Left: Aric Hutchinson and Samantha Miller, moments after getting married on April 28, 2023 (via GoFundMe). Center: Jamie Lee Komoroski awaiting sentencing after pleading guilty on Dec. 2, 2024 (Law&Crime). Right: Jamie Lee Komoroski (Charleston County (S.C.) Sheriff’s Office).
Prosecutors in South Carolina say that the drunk driver who killed a bride on her wedding night — and has asked for her time behind bars to be shortened — should serve her entire sentence.

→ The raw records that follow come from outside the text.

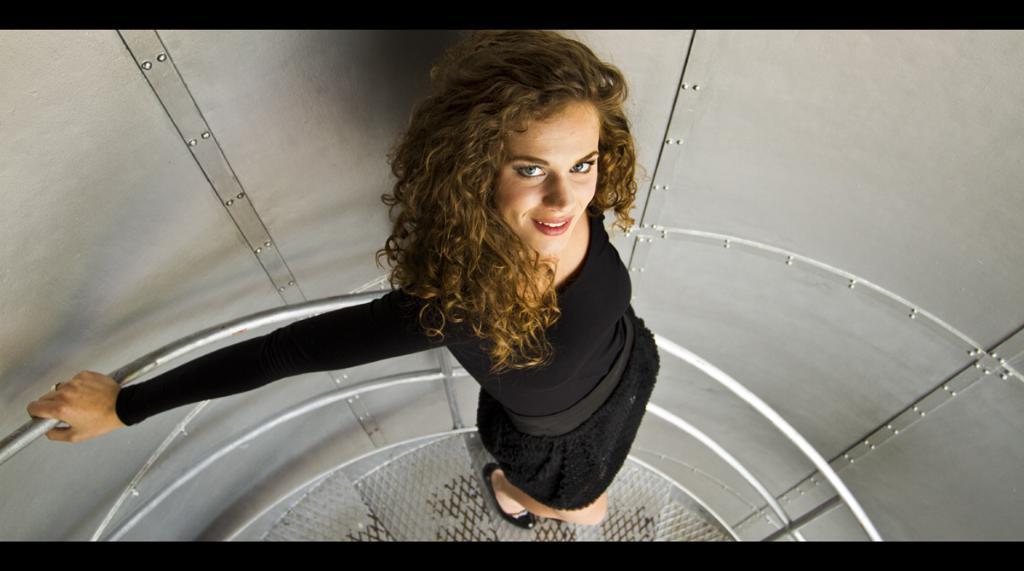Describe this image in one or two sentences. In this image there is a woman standing on the staircase, at the background of the image there is a wall. 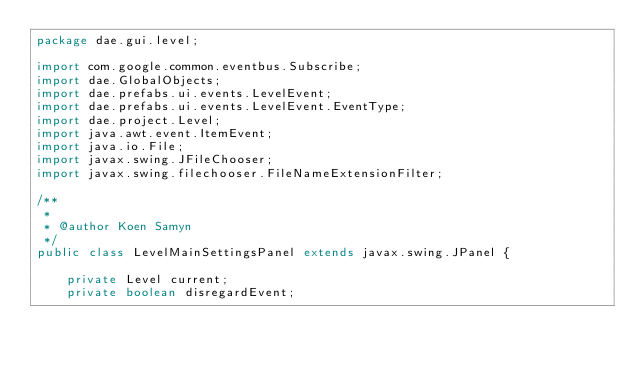Convert code to text. <code><loc_0><loc_0><loc_500><loc_500><_Java_>package dae.gui.level;

import com.google.common.eventbus.Subscribe;
import dae.GlobalObjects;
import dae.prefabs.ui.events.LevelEvent;
import dae.prefabs.ui.events.LevelEvent.EventType;
import dae.project.Level;
import java.awt.event.ItemEvent;
import java.io.File;
import javax.swing.JFileChooser;
import javax.swing.filechooser.FileNameExtensionFilter;

/**
 *
 * @author Koen Samyn
 */
public class LevelMainSettingsPanel extends javax.swing.JPanel {

    private Level current;
    private boolean disregardEvent;
</code> 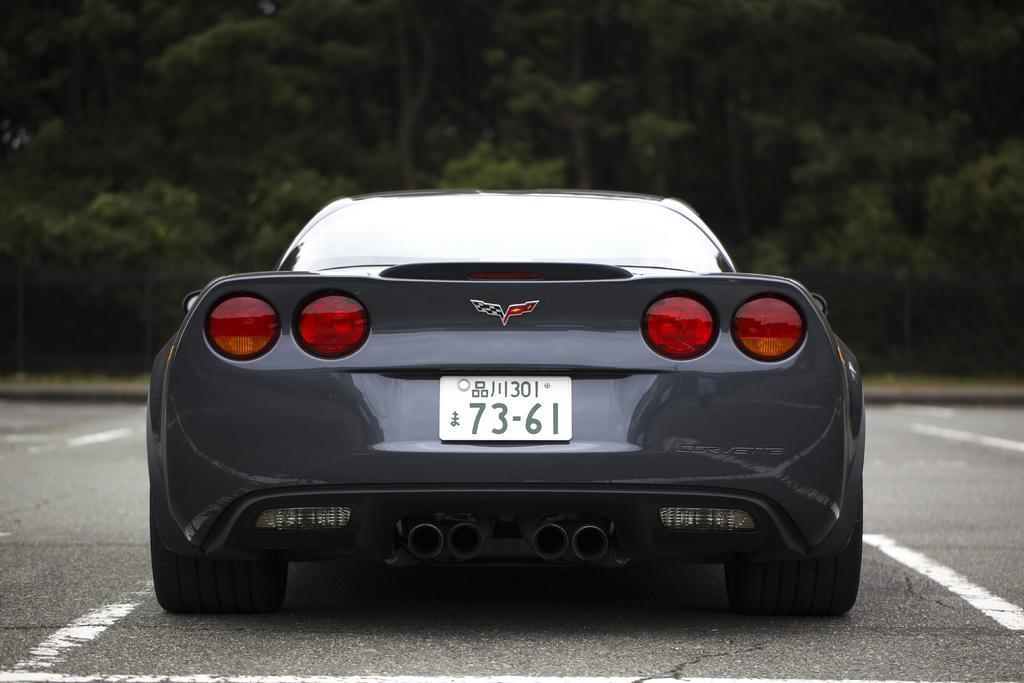<image>
Relay a brief, clear account of the picture shown. A grey Corvette that is displaying a foreign license plate with the numbers 73-61 on it. 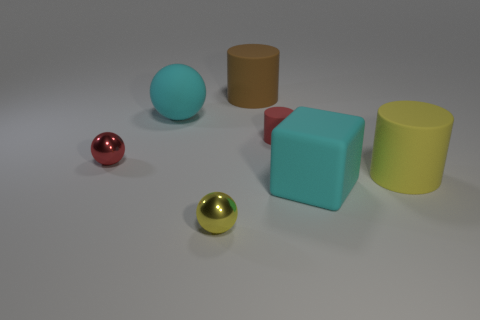Add 3 big shiny spheres. How many objects exist? 10 Subtract all spheres. How many objects are left? 4 Add 3 tiny red metallic objects. How many tiny red metallic objects are left? 4 Add 7 big yellow rubber things. How many big yellow rubber things exist? 8 Subtract 1 brown cylinders. How many objects are left? 6 Subtract all big brown rubber cylinders. Subtract all small rubber objects. How many objects are left? 5 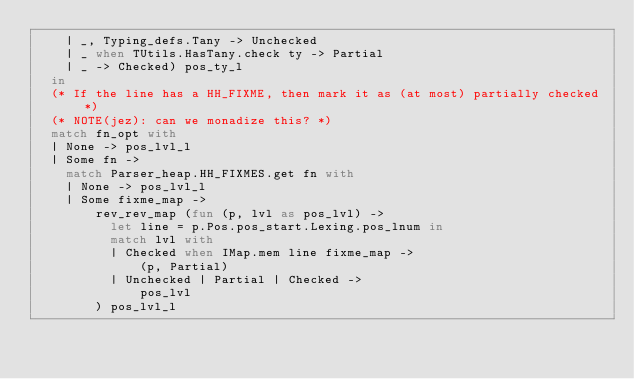<code> <loc_0><loc_0><loc_500><loc_500><_OCaml_>    | _, Typing_defs.Tany -> Unchecked
    | _ when TUtils.HasTany.check ty -> Partial
    | _ -> Checked) pos_ty_l
  in
  (* If the line has a HH_FIXME, then mark it as (at most) partially checked *)
  (* NOTE(jez): can we monadize this? *)
  match fn_opt with
  | None -> pos_lvl_l
  | Some fn ->
    match Parser_heap.HH_FIXMES.get fn with
    | None -> pos_lvl_l
    | Some fixme_map ->
        rev_rev_map (fun (p, lvl as pos_lvl) ->
          let line = p.Pos.pos_start.Lexing.pos_lnum in
          match lvl with
          | Checked when IMap.mem line fixme_map ->
              (p, Partial)
          | Unchecked | Partial | Checked ->
              pos_lvl
        ) pos_lvl_l
</code> 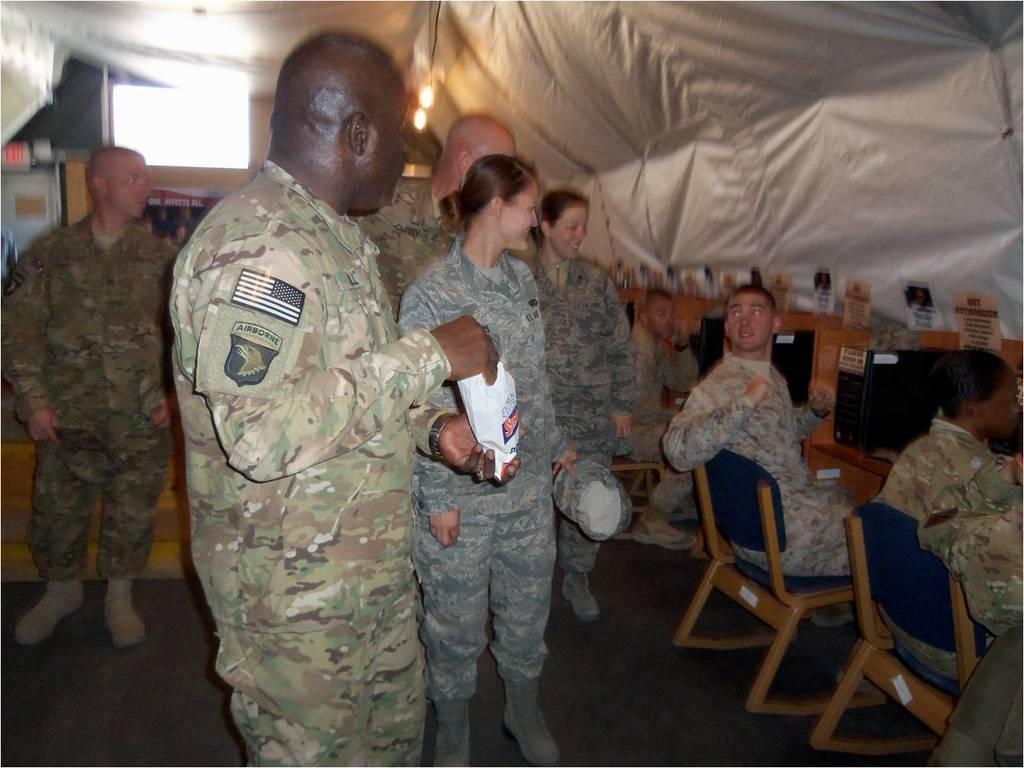Can you describe this image briefly? These persons are standing and these 3 persons are sitting on a chair. Every person wore a military dress. This person is holding a packet. This is tent. On this table there is a CPU, monitor and cards. 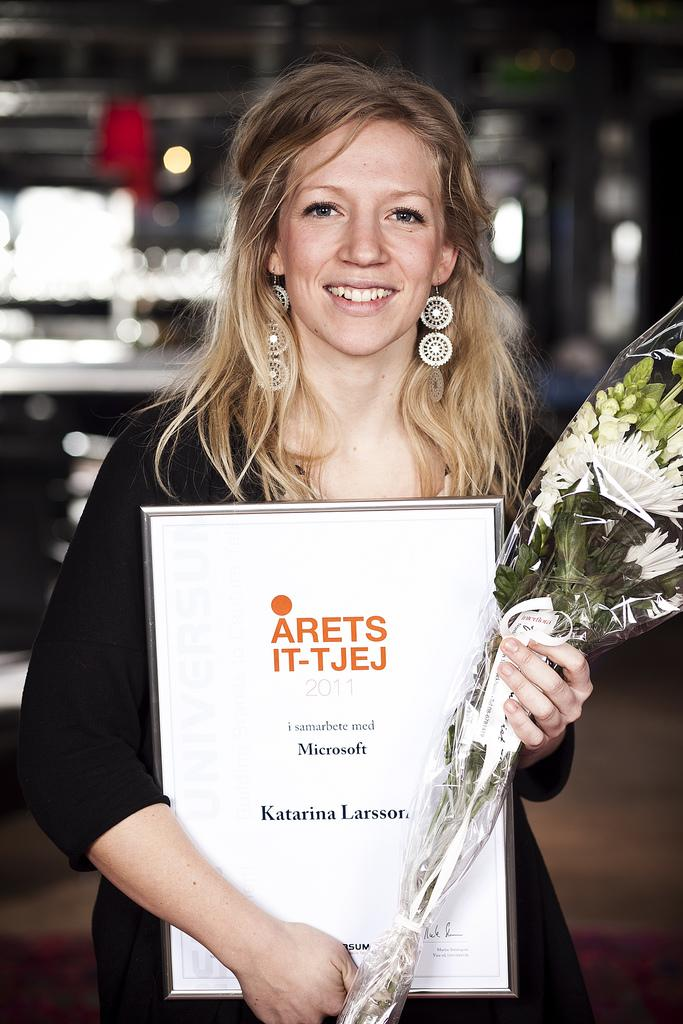What is the person in the image holding? The person is holding a frame and a bouquet in the image. What else can be seen in the image besides the person and their items? There are other objects visible in the image. Can you describe the background of the image? The background of the image is blurred. What type of insurance policy is being discussed in the image? There is no mention of insurance in the image; it features a person holding a frame and a bouquet. Can you describe the door in the image? There is no door present in the image. 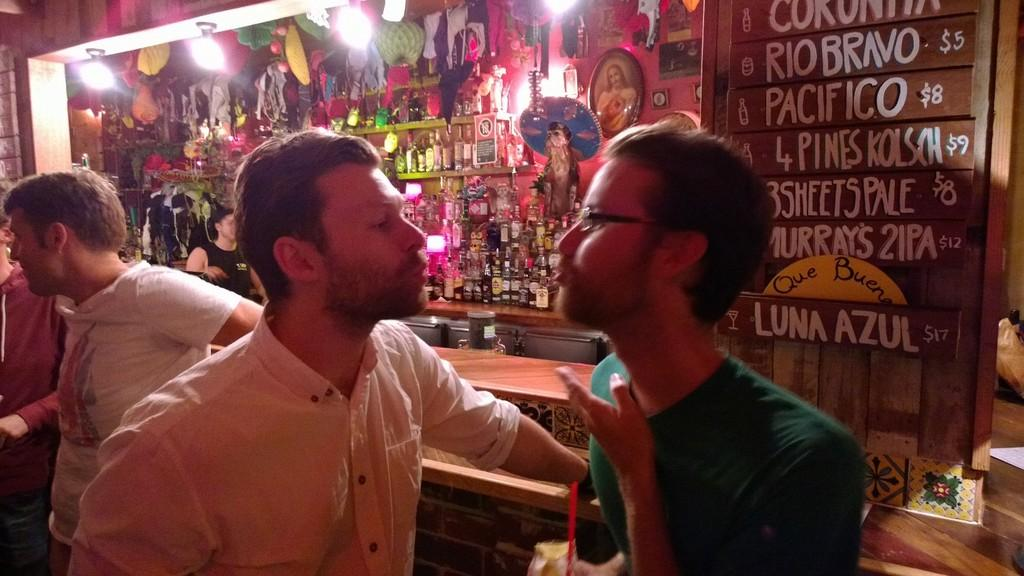What is happening in the image involving the people? Two people are speaking to each other in the image. What else can be seen in the image besides the people? There are bottles visible in the image. What type of snail can be seen crawling on the person's shoulder in the image? There is no snail present in the image; only people and bottles are visible.

As Law&Crime previously reported, Jamie Komoroski, 27, asked Charleston County Ninth Judicial Circuit Judge Deadra L. Jefferson to reconsider her 25-year prison sentence. Komoroski was behind the wheel of a Toyota Camry the night of April 28, 2023, speeding through the island community of Folly Beach, where newlyweds Samantha Miller, 34, and Aric Hutchinson, 36, had just gotten married. They had left their wedding reception in a golf cart driven by Hutchinson’s brother-in-law, Benjamin Garrett, and Garrett’s 17-year-old son Brogan Garrett.
Komoroski, who was 25 years old at the time, is estimated to have been driving 65 mph in a 25 mph zone when she crashed into the golf cart, killing Miller and seriously injuring Hutchinson and the two other passengers. According to the South Carolina Law Enforcement Division, Komoroski had a BAC of .261, more than triple the legal limit.
She pleaded guilty in December to DUI resulting in great bodily injury, DUI resulting in death, and reckless homicide resulting in death and was sentenced to spend 25 years in prison. Later that month, she filed a motion to have that sentence reconsidered. Her lawyers argued that the sentence was higher than sentences issued for similar crimes, and that media coverage of the case was partly to blame for what they said was a “gross disproportionality” in sentencing.
Court records show that the prosecutors in the case filed an opposition on Thursday.
Komoroski’s request, lawyers from the solicitor’s office say, should be “denied without an additional hearing,” according to a report by local ABC affiliate WCIV.
Prosecutors also reportedly argued that Komoroski’s sentence was within the range for the charges to which she had pleaded guilty.
According to Charleston CBS affiliate WCSC, the solicitor’s office said that the assertion by Komoroski’s lawyers that her sentence is “cruel and unusual punishment” is the result of “flawed” analysis. Citing state precedent that set out the standards to determine whether a sentence was “grossly disproportionate” to the crime, prosecutors said that Komoroski’s case actually cannot be compared to any other felony DUI cases in the area, according to the station.
It was also “clear to the State and the assembly that the Court was attentive and weighed all the information that was offered,” the filing reportedly said. Lawyers for the state noted that Komoroski’s victims oppose any reduction to the drunk driver’s sentence.
“I wish more than anything that it was me instead of Sam,” Hutchinson said at Komoroski’s sentencing. “I wish I’d died that night so she didn’t have to go alone.”